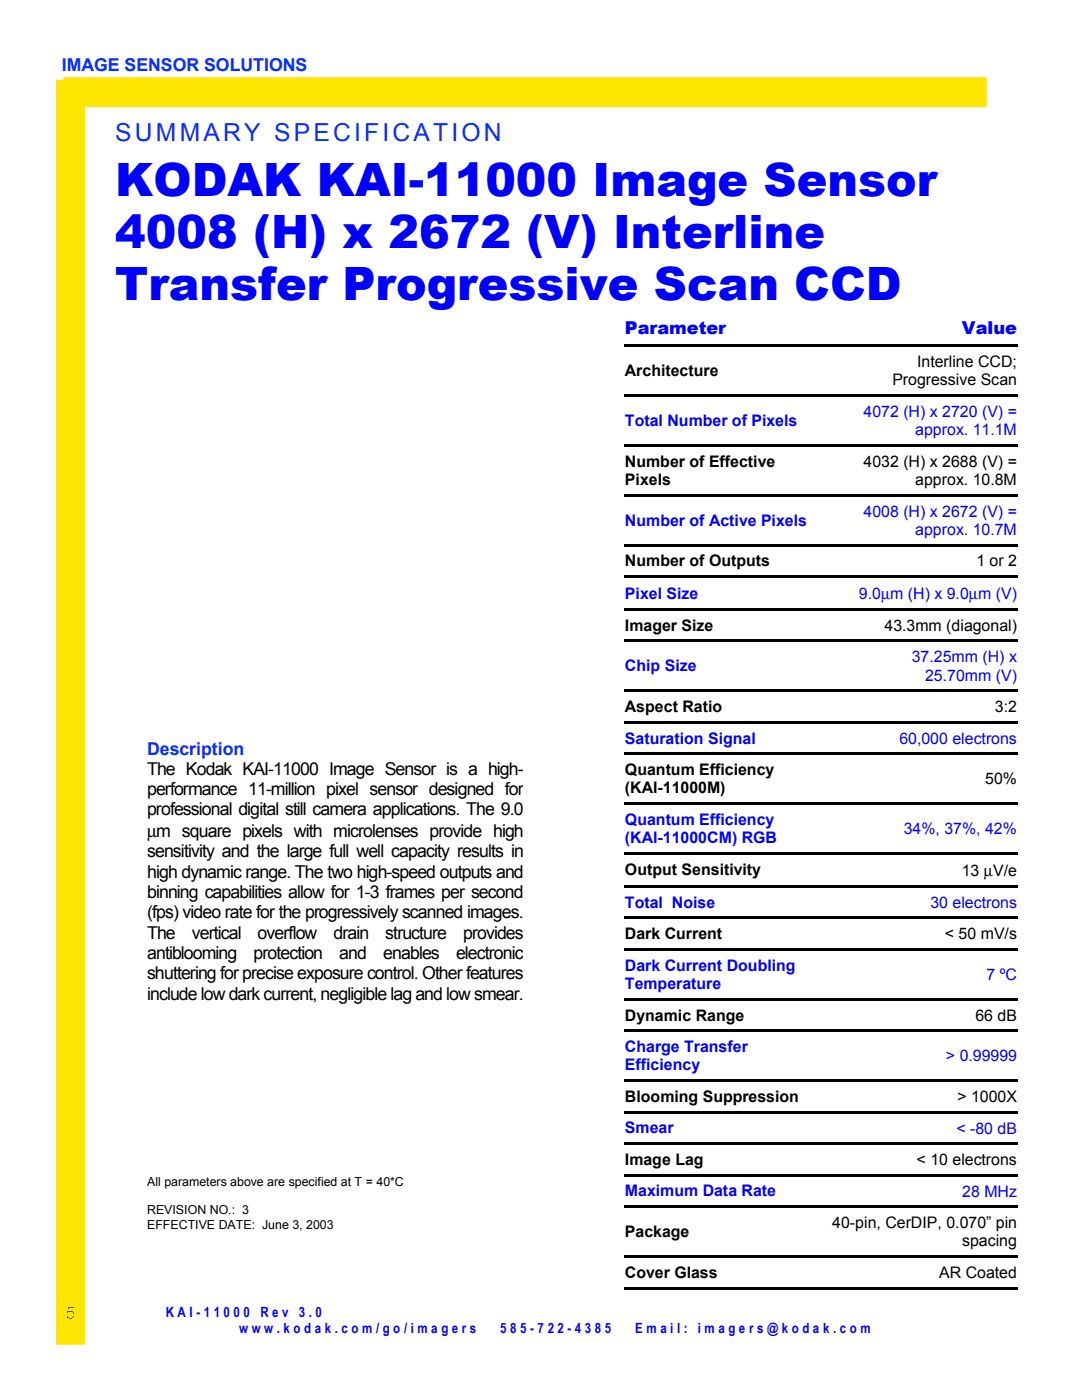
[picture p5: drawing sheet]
<svg xmlns="http://www.w3.org/2000/svg" width="216mm" height="279mm" viewBox="0 0 216 279" stroke-linecap="round" stroke-linejoin="round" font-family="sans-serif">
<defs><g id="words">
<g font-size="9.2" fill="#00f">
<text x="23" y="39.1">KODAK KAI-11000 Image Sensor</text>
<text x="23" y="49.4">4008 (H) x 2672 (V) Interline</text>
<text x="23" y="59.8">Transfer Progressive Scan CCD</text>
</g>
<text font-size="4.9" fill="#0035ff" x="23" y="28.2">SUMMARY SPECIFICATION</text>
<g font-size="3.5" fill="#0035ff">
<text x="12.3" y="14.2">IMAGE SENSOR SOLUTIONS</text>
<text x="29.3" y="150.6">Description</text>
</g>
<g font-size="3.5" fill="#00f">
<text x="124.7" y="66.6">Parameter</text>
<text x="191.9" y="66.6">Value</text>
</g>
<g font-size="3.5">
<text x="29.3" y="154.6">The Kodak KAI-11000 Image Sensor is a high-</text>
<text x="29.3" y="158.7">performance 11-million pixel sensor designed for</text>
<text x="29.3" y="162.7">professional digital still camera applications. The 9.0</text>
<text x="29.3" y="167.1">µm square pixels with microlenses provide high</text>
<text x="29.3" y="171.1">sensitivity and the large full well capacity results in</text>
<text x="29.3" y="175.2">high dynamic range. The two high-speed outputs and</text>
<text x="29.3" y="179.2">binning capabilities allow for 1-3 frames per second</text>
<text x="29.3" y="183.3">(fps) video rate for the progressively scanned images.</text>
<text x="29.3" y="187.3">The</text>
<text x="29.3" y="191.4">antiblooming</text>
<text x="38.3" y="187.3">vertical</text>
<text x="50.6" y="191.4">protection</text>
<text x="51.4" y="187.3">overflow</text>
<text x="66.5" y="187.3">drain</text>
<text x="67.7" y="191.4">and</text>
<text x="76.5" y="191.4">enables</text>
<text x="76.9" y="187.3">structure</text>
<text x="91" y="191.4">electronic</text>
<text x="92.4" y="187.3">provides</text>
<text x="29.3" y="195.5">shuttering for precise exposure control. Other features</text>
<text x="29.3" y="199.5">include low dark current, negligible lag and low smear.</text>
</g>
<text font-size="3.5" fill="#f00" x="13.1" y="263.3">5</text>
<g font-size="3.2">
<text x="124.7" y="75.1">Architecture</text>
<text x="178.1" y="76.9">Progressive Scan</text>
<text x="183" y="73.3">Interline CCD;</text>
<text x="124.7" y="93.1">Number of Effective</text>
<text x="172.3" y="93.2">4032 (H) x 2688 (V) =</text>
<text x="124.7" y="96.8">Pixels</text>
<text x="182.6" y="96.8">approx. 10.8M</text>
<text x="124.7" y="113">Number of Outputs</text>
<text x="194.8" y="113.1">1 or 2</text>
<text x="124.7" y="125.9">Imager Size</text>
<text x="176.5" y="125.9">43.3mm (diagonal)</text>
<text x="124.7" y="142.1">Aspect Ratio</text>
<text x="198.5" y="142.1">3:2</text>
<text x="124.7" y="154.7">Quantum Efficiency</text>
<text x="124.7" y="158.3">(KAI-11000M)</text>
<text x="196.6" y="156.5">50%</text>
<text x="124.7" y="174.7">Output Sensitivity</text>
<text x="191.9" y="174.8">13 µV/e</text>
<text x="124.7" y="187.4">Dark Current</text>
<text x="188.5" y="187.4">&lt; 50 mV/s</text>
<text x="124.7" y="203.7">Dynamic Range</text>
<text x="194.7" y="203.7">66 dB</text>
<text x="124.7" y="219.9">Blooming Suppression</text>
<text x="191" y="219.9">&gt; 1000X</text>
<text x="124.7" y="232.5">Image Lag</text>
<text x="182.9" y="232.5">&lt; 10 electrons</text>
<text x="166.1" y="245.1">40-pin, CerDIP, 0.070” pin</text>
<text x="124.7" y="246.9">Package</text>
<text x="192" y="248.8">spacing</text>
<text x="124.7" y="255">Cover Glass</text>
<text x="187.4" y="255.1">AR Coated</text>
</g>
<g font-size="3.2" fill="#00f">
<text x="172.3" y="83.2">4072 (H) x 2720 (V) =</text>
<text x="124.7" y="85">Total Number of Pixels</text>
<text x="182.6" y="86.9">approx. 11.1M</text>
<text x="124.7" y="104.9">Number of Active Pixels</text>
<text x="172.3" y="103.1">4008 (H) x 2672 (V) =</text>
<text x="182.6" y="106.8">approx. 10.7M</text>
<text x="124.7" y="119.5">Pixel Size</text>
<text x="171.4" y="119.6">9.0µm (H) x 9.0µm (V)</text>
<text x="124.7" y="134">Chip Size</text>
<text x="181.9" y="132.2">37.25mm (H) x</text>
<text x="184.6" y="135.8">25.70mm (V)</text>
<text x="124.7" y="148.4">Saturation Signal</text>
<text x="179.5" y="148.4">60,000 electrons</text>
<text x="124.7" y="164.6">Quantum Efficiency</text>
<text x="180.3" y="166.5">34%, 37%, 42%</text>
<text x="124.7" y="168.3">(KAI-11000CM) RGB</text>
<text x="124.7" y="181.1">Total Noise</text>
<text x="185.7" y="181.2">30 electrons</text>
<text x="124.7" y="193.7">Dark Current Doubling</text>
<text x="124.7" y="197.4">Temperature</text>
<text x="196.8" y="195.6">7 ºC</text>
<text x="124.7" y="210">Charge Transfer</text>
<text x="124.7" y="213.6">Efficiency</text>
<text x="188.7" y="211.8">&gt; 0.99999</text>
<text x="124.7" y="226.2">Smear</text>
<text x="190.8" y="226.2">&lt; -80 dB</text>
<text x="124.7" y="238.8">Maximum Data Rate</text>
<text x="192" y="238.8">28 MHz</text>
</g>
<g font-size="2.8" fill="#00f">
<text x="33.1" y="262.8">K A I - 1 1 0 0 0</text>
<text x="52" y="262.8">R e v</text>
<text x="59.6" y="262.8">3 . 0</text>
<text x="47.7" y="266">w w w . k o d a k . c o m / g o / i m a g e r s</text>
<text x="99.8" y="266">5 8 5 - 7 2 2 - 4 3 8 5</text>
<text x="126.7" y="266">E m a i l :</text>
<text x="139.2" y="266">i m a g e r s @ k o d a k . c o m</text>
</g>
<g font-size="2.5">
<text x="29.3" y="236.7">All parameters above are specified at T = 40*C</text>
<text x="29.3" y="242.3">REVISION NO.: 3</text>
<text x="29.3" y="245.2">EFFECTIVE DATE: June 3, 2003</text>
</g>
</g></defs>
<path d="M12.7 18.4h184.1M14.1 15.9v252.5" fill="none" stroke="#ffe600" stroke-width="5.8" stroke-linecap="butt"/>
<path d="M25.7 65.1h88.6v71.1h-88.6z" fill="#fff"/>
<g fill="#000">
<path d="M124.5 68.7h39.8v.6h-39.8zM124.5 78.7h39.8v.5h-39.8zM164.3 68.7h38.9v.6h-38.9zM164.3 78.7h38.9v.5h-38.9zM124.5 88.6h39.8v.6h-39.8zM124.5 98.6h39.8v.5h-39.8zM164.3 88.6h38.9v.6h-38.9zM164.3 98.6h38.9v.5h-38.9zM124.5 108.5h39.8v.6h-39.8zM124.5 114.8h39.8v.6h-39.8zM164.3 108.5h38.9v.6h-38.9zM164.3 114.8h38.9v.6h-38.9z"/>
<path d="M124.5 121.3h39.8v.6h-39.8zM124.5 127.7h39.8v.5h-39.8zM124.5 137.6h39.8v.5h-39.8zM164.3 121.3h38.9v.6h-38.9zM164.3 127.7h38.9v.5h-38.9zM164.3 137.6h38.9v.5h-38.9zM124.5 143.9h39.8v.5h-39.8zM124.5 150.2h39.8v.5h-39.8zM164.3 143.9h38.9v.5h-38.9zM164.3 150.2h38.9v.5h-38.9zM124.5 160.1h39.8v.6h-39.8zM124.5 170.1h39.8v.5h-39.8z"/>
<path d="M124.5 176.6h39.8v.6h-39.8zM164.3 160.1h38.9v.6h-38.9zM164.3 170.1h38.9v.5h-38.9zM164.3 176.6h38.9v.6h-38.9zM124.5 182.9h39.8v.5h-39.8zM124.5 189.2h39.8v.5h-39.8zM124.5 199.2h39.8v.5h-39.8zM164.3 182.9h38.9v.5h-38.9zM164.3 189.2h38.9v.5h-38.9zM164.3 199.2h38.9v.5h-38.9zM124.5 205.5h39.8v.5h-39.8zM124.5 215.4h39.8v.5h-39.8z"/>
<path d="M164.3 205.5h38.9v.5h-38.9zM164.3 215.4h38.9v.5h-38.9zM124.5 221.7h39.8v.5h-39.8zM124.5 228h39.8v.5h-39.8zM124.5 234.3h39.8v.5h-39.8zM164.3 221.7h38.9v.5h-38.9zM164.3 228h38.9v.5h-38.9zM164.3 234.3h38.9v.5h-38.9zM124.5 240.6h39.8v.5h-39.8zM124.5 250.5h39.8v.6h-39.8zM124.5 256.8h39.8v.5h-39.8zM164.3 240.6h38.9v.5h-38.9z"/>
<path d="M164.3 250.5h38.9v.6h-38.9zM164.3 256.8h38.9v.5h-38.9z"/>
</g>
<use href="#words"/>
</svg>

-- Exercise instructions --
The string "Transfer" may appear on lines of the data above; give the number of those lines and nothing more.

-- Result below --
2